→ Aim of the task
Return only those lines of the listing that hold the word "instrument".
"""
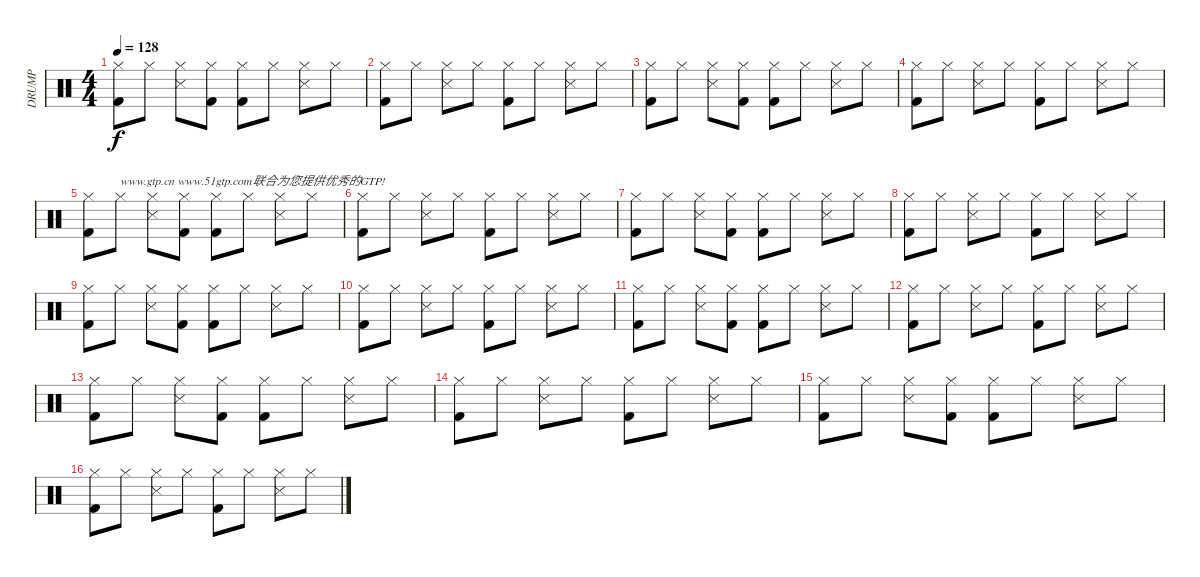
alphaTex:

\track ("DRUMP" "DRUMP") {instrument percussion}
\staff {score}
\articulation defaults
\ts (4 4)
\tempo 128
\clef neutral
\ks c
("Hi-Hat (closed)" "Kick (hit) 2").8{dy f} "Hi-Hat (closed)".8 ("Hi-Hat (closed)" "Snare (side stick) 3").8 ("Hi-Hat (closed)" "Kick (hit) 2").8 ("Hi-Hat (closed)" "Kick (hit) 2").8 "Hi-Hat (closed)".8 ("Hi-Hat (closed)" "Snare (side stick) 3").8 "Hi-Hat (closed)".8 |
("Hi-Hat (closed)" "Kick (hit) 2").8 "Hi-Hat (closed)".8 ("Hi-Hat (closed)" "Snare (side stick) 3").8 "Hi-Hat (closed)".8 ("Hi-Hat (closed)" "Kick (hit) 2").8 "Hi-Hat (closed)".8 ("Hi-Hat (closed)" "Snare (side stick) 3").8 "Hi-Hat (closed)".8 |
("Hi-Hat (closed)" "Kick (hit) 2").8 "Hi-Hat (closed)".8 ("Hi-Hat (closed)" "Snare (side stick) 3").8 ("Hi-Hat (closed)" "Kick (hit) 2").8 ("Hi-Hat (closed)" "Kick (hit) 2").8 "Hi-Hat (closed)".8 ("Hi-Hat (closed)" "Snare (side stick) 3").8 "Hi-Hat (closed)".8 |
("Hi-Hat (closed)" "Kick (hit) 2").8 "Hi-Hat (closed)".8 ("Hi-Hat (closed)" "Snare (side stick) 3").8 "Hi-Hat (closed)".8 ("Hi-Hat (closed)" "Kick (hit) 2").8 "Hi-Hat (closed)".8 ("Hi-Hat (closed)" "Snare (side stick) 3").8 "Hi-Hat (closed)".8 |
("Hi-Hat (closed)" "Kick (hit) 2").8 "Hi-Hat (closed)".8{txt "www.gtp.cn www.51gtp.com联合为您提供优秀的GTP!"} ("Hi-Hat (closed)" "Snare (side stick) 3").8 ("Hi-Hat (closed)" "Kick (hit) 2").8 ("Hi-Hat (closed)" "Kick (hit) 2").8 "Hi-Hat (closed)".8 ("Hi-Hat (closed)" "Snare (side stick) 3").8 "Hi-Hat (closed)".8 |
("Hi-Hat (closed)" "Kick (hit) 2").8 "Hi-Hat (closed)".8 ("Hi-Hat (closed)" "Snare (side stick) 3").8 "Hi-Hat (closed)".8 ("Hi-Hat (closed)" "Kick (hit) 2").8 "Hi-Hat (closed)".8 ("Hi-Hat (closed)" "Snare (side stick) 3").8 "Hi-Hat (closed)".8 |
("Hi-Hat (closed)" "Kick (hit) 2").8 "Hi-Hat (closed)".8 ("Hi-Hat (closed)" "Snare (side stick) 3").8 ("Hi-Hat (closed)" "Kick (hit) 2").8 ("Hi-Hat (closed)" "Kick (hit) 2").8 "Hi-Hat (closed)".8 ("Hi-Hat (closed)" "Snare (side stick) 3").8 "Hi-Hat (closed)".8 |
("Hi-Hat (closed)" "Kick (hit) 2").8 "Hi-Hat (closed)".8 ("Hi-Hat (closed)" "Snare (side stick) 3").8 "Hi-Hat (closed)".8 ("Hi-Hat (closed)" "Kick (hit) 2").8 "Hi-Hat (closed)".8 ("Hi-Hat (closed)" "Snare (side stick) 3").8 "Hi-Hat (closed)".8 |
("Hi-Hat (closed)" "Kick (hit) 2").8 "Hi-Hat (closed)".8 ("Hi-Hat (closed)" "Snare (side stick) 3").8 ("Hi-Hat (closed)" "Kick (hit) 2").8 ("Hi-Hat (closed)" "Kick (hit) 2").8 "Hi-Hat (closed)".8 ("Hi-Hat (closed)" "Snare (side stick) 3").8 "Hi-Hat (closed)".8 |
("Hi-Hat (closed)" "Kick (hit) 2").8 "Hi-Hat (closed)".8 ("Hi-Hat (closed)" "Snare (side stick) 3").8 "Hi-Hat (closed)".8 ("Hi-Hat (closed)" "Kick (hit) 2").8 "Hi-Hat (closed)".8 ("Hi-Hat (closed)" "Snare (side stick) 3").8 "Hi-Hat (closed)".8 |
("Hi-Hat (closed)" "Kick (hit) 2").8 "Hi-Hat (closed)".8 ("Hi-Hat (closed)" "Snare (side stick) 3").8 ("Hi-Hat (closed)" "Kick (hit) 2").8 ("Hi-Hat (closed)" "Kick (hit) 2").8 "Hi-Hat (closed)".8 ("Hi-Hat (closed)" "Snare (side stick) 3").8 "Hi-Hat (closed)".8 |
("Hi-Hat (closed)" "Kick (hit) 2").8 "Hi-Hat (closed)".8 ("Hi-Hat (closed)" "Snare (side stick) 3").8 "Hi-Hat (closed)".8 ("Hi-Hat (closed)" "Kick (hit) 2").8 "Hi-Hat (closed)".8 ("Hi-Hat (closed)" "Snare (side stick) 3").8 "Hi-Hat (closed)".8 |
("Hi-Hat (closed)" "Kick (hit) 2").8 "Hi-Hat (closed)".8 ("Hi-Hat (closed)" "Snare (side stick) 3").8 ("Hi-Hat (closed)" "Kick (hit) 2").8 ("Hi-Hat (closed)" "Kick (hit) 2").8 "Hi-Hat (closed)".8 ("Hi-Hat (closed)" "Snare (side stick) 3").8 "Hi-Hat (closed)".8 |
("Hi-Hat (closed)" "Kick (hit) 2").8 "Hi-Hat (closed)".8 ("Hi-Hat (closed)" "Snare (side stick) 3").8 "Hi-Hat (closed)".8 ("Hi-Hat (closed)" "Kick (hit) 2").8 "Hi-Hat (closed)".8 ("Hi-Hat (closed)" "Snare (side stick) 3").8 "Hi-Hat (closed)".8 |
("Hi-Hat (closed)" "Kick (hit) 2").8 "Hi-Hat (closed)".8 ("Hi-Hat (closed)" "Snare (side stick) 3").8 ("Hi-Hat (closed)" "Kick (hit) 2").8 ("Hi-Hat (closed)" "Kick (hit) 2").8 "Hi-Hat (closed)".8 ("Hi-Hat (closed)" "Snare (side stick) 3").8 "Hi-Hat (closed)".8 |
("Hi-Hat (closed)" "Kick (hit) 2").8 "Hi-Hat (closed)".8 ("Hi-Hat (closed)" "Snare (side stick) 3").8 "Hi-Hat (closed)".8 ("Hi-Hat (closed)" "Kick (hit) 2").8 "Hi-Hat (closed)".8 ("Hi-Hat (closed)" "Snare (side stick) 3").8 "Hi-Hat (closed)".8
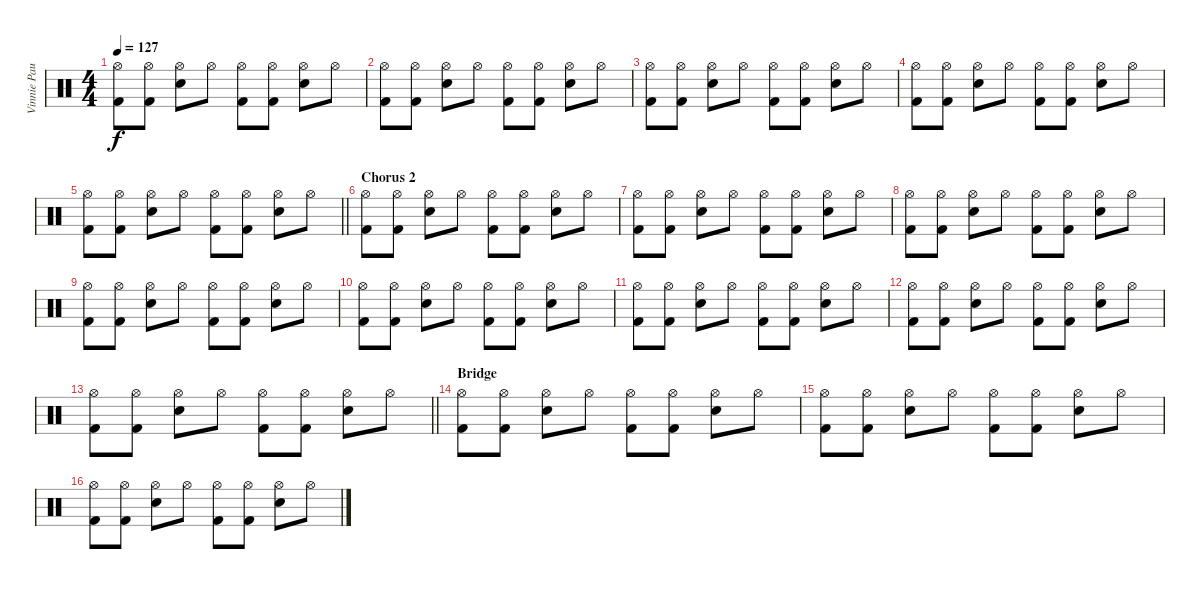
\track ("Vinnie Paul" "Vinnie Pau") {instrument percussion}
\staff {score}
\articulation defaults
\ts (4 4)
\tempo 127
\clef neutral
\ks c
("Kick (hit) 2" "Hi-Hat (open)").8{dy f} ("Kick (hit) 2" "Hi-Hat (open)").8 ("Snare (hit) 2" "Hi-Hat (open)").8 "Hi-Hat (open)".8 ("Kick (hit) 2" "Hi-Hat (open)").8 ("Kick (hit) 2" "Hi-Hat (open)").8 ("Snare (hit) 2" "Hi-Hat (open)").8 "Hi-Hat (open)".8 |
("Kick (hit) 2" "Hi-Hat (open)").8 ("Kick (hit) 2" "Hi-Hat (open)").8 ("Snare (hit) 2" "Hi-Hat (open)").8 "Hi-Hat (open)".8 ("Kick (hit) 2" "Hi-Hat (open)").8 ("Kick (hit) 2" "Hi-Hat (open)").8 ("Snare (hit) 2" "Hi-Hat (open)").8 "Hi-Hat (open)".8 |
("Kick (hit) 2" "Hi-Hat (open)").8 ("Kick (hit) 2" "Hi-Hat (open)").8 ("Snare (hit) 2" "Hi-Hat (open)").8 "Hi-Hat (open)".8 ("Kick (hit) 2" "Hi-Hat (open)").8 ("Kick (hit) 2" "Hi-Hat (open)").8 ("Snare (hit) 2" "Hi-Hat (open)").8 "Hi-Hat (open)".8 |
("Kick (hit) 2" "Hi-Hat (open)").8 ("Kick (hit) 2" "Hi-Hat (open)").8 ("Snare (hit) 2" "Hi-Hat (open)").8 "Hi-Hat (open)".8 ("Kick (hit) 2" "Hi-Hat (open)").8 ("Kick (hit) 2" "Hi-Hat (open)").8 ("Snare (hit) 2" "Hi-Hat (open)").8 "Hi-Hat (open)".8 |
\barLineRight lightlight
("Kick (hit) 2" "Hi-Hat (open)").8 ("Kick (hit) 2" "Hi-Hat (open)").8 ("Snare (hit) 2" "Hi-Hat (open)").8 "Hi-Hat (open)".8 ("Kick (hit) 2" "Hi-Hat (open)").8 ("Kick (hit) 2" "Hi-Hat (open)").8 ("Snare (hit) 2" "Hi-Hat (open)").8 "Hi-Hat (open)".8 |
\section ("" "Chorus 2")
("Kick (hit) 2" "Hi-Hat (open)").8 ("Kick (hit) 2" "Hi-Hat (open)").8 ("Snare (hit) 2" "Hi-Hat (open)").8 "Hi-Hat (open)".8 ("Kick (hit) 2" "Hi-Hat (open)").8 ("Kick (hit) 2" "Hi-Hat (open)").8 ("Snare (hit) 2" "Hi-Hat (open)").8 "Hi-Hat (open)".8 |
("Kick (hit) 2" "Hi-Hat (open)").8 ("Kick (hit) 2" "Hi-Hat (open)").8 ("Snare (hit) 2" "Hi-Hat (open)").8 "Hi-Hat (open)".8 ("Kick (hit) 2" "Hi-Hat (open)").8 ("Kick (hit) 2" "Hi-Hat (open)").8 ("Snare (hit) 2" "Hi-Hat (open)").8 "Hi-Hat (open)".8 |
("Kick (hit) 2" "Hi-Hat (open)").8 ("Kick (hit) 2" "Hi-Hat (open)").8 ("Snare (hit) 2" "Hi-Hat (open)").8 "Hi-Hat (open)".8 ("Kick (hit) 2" "Hi-Hat (open)").8 ("Kick (hit) 2" "Hi-Hat (open)").8 ("Snare (hit) 2" "Hi-Hat (open)").8 "Hi-Hat (open)".8 |
("Kick (hit) 2" "Hi-Hat (open)").8 ("Kick (hit) 2" "Hi-Hat (open)").8 ("Snare (hit) 2" "Hi-Hat (open)").8 "Hi-Hat (open)".8 ("Kick (hit) 2" "Hi-Hat (open)").8 ("Kick (hit) 2" "Hi-Hat (open)").8 ("Snare (hit) 2" "Hi-Hat (open)").8 "Hi-Hat (open)".8 |
("Kick (hit) 2" "Hi-Hat (open)").8 ("Kick (hit) 2" "Hi-Hat (open)").8 ("Snare (hit) 2" "Hi-Hat (open)").8 "Hi-Hat (open)".8 ("Kick (hit) 2" "Hi-Hat (open)").8 ("Kick (hit) 2" "Hi-Hat (open)").8 ("Snare (hit) 2" "Hi-Hat (open)").8 "Hi-Hat (open)".8 |
("Kick (hit) 2" "Hi-Hat (open)").8 ("Kick (hit) 2" "Hi-Hat (open)").8 ("Snare (hit) 2" "Hi-Hat (open)").8 "Hi-Hat (open)".8 ("Kick (hit) 2" "Hi-Hat (open)").8 ("Kick (hit) 2" "Hi-Hat (open)").8 ("Snare (hit) 2" "Hi-Hat (open)").8 "Hi-Hat (open)".8 |
("Kick (hit) 2" "Hi-Hat (open)").8 ("Kick (hit) 2" "Hi-Hat (open)").8 ("Snare (hit) 2" "Hi-Hat (open)").8 "Hi-Hat (open)".8 ("Kick (hit) 2" "Hi-Hat (open)").8 ("Kick (hit) 2" "Hi-Hat (open)").8 ("Snare (hit) 2" "Hi-Hat (open)").8 "Hi-Hat (open)".8 |
\barLineRight lightlight
("Kick (hit) 2" "Hi-Hat (open)").8 ("Kick (hit) 2" "Hi-Hat (open)").8 ("Snare (hit) 2" "Hi-Hat (open)").8 "Hi-Hat (open)".8 ("Kick (hit) 2" "Hi-Hat (open)").8 ("Kick (hit) 2" "Hi-Hat (open)").8 ("Snare (hit) 2" "Hi-Hat (open)").8 "Hi-Hat (open)".8 |
\section ("" "Bridge")
("Kick (hit) 2" "Hi-Hat (open)").8 ("Kick (hit) 2" "Hi-Hat (open)").8 ("Snare (hit) 2" "Hi-Hat (open)").8 "Hi-Hat (open)".8 ("Kick (hit) 2" "Hi-Hat (open)").8 ("Kick (hit) 2" "Hi-Hat (open)").8 ("Snare (hit) 2" "Hi-Hat (open)").8 "Hi-Hat (open)".8 |
("Kick (hit) 2" "Hi-Hat (open)").8 ("Kick (hit) 2" "Hi-Hat (open)").8 ("Snare (hit) 2" "Hi-Hat (open)").8 "Hi-Hat (open)".8 ("Kick (hit) 2" "Hi-Hat (open)").8 ("Kick (hit) 2" "Hi-Hat (open)").8 ("Snare (hit) 2" "Hi-Hat (open)").8 "Hi-Hat (open)".8 |
("Kick (hit) 2" "Hi-Hat (open)").8 ("Kick (hit) 2" "Hi-Hat (open)").8 ("Snare (hit) 2" "Hi-Hat (open)").8 "Hi-Hat (open)".8 ("Kick (hit) 2" "Hi-Hat (open)").8 ("Kick (hit) 2" "Hi-Hat (open)").8 ("Snare (hit) 2" "Hi-Hat (open)").8 "Hi-Hat (open)".8
"""
→ Answer box
\track ("DRUMP" "DRUMP") {instrument percussion}
\track ("Vinnie Paul" "Vinnie Pau") {instrument percussion}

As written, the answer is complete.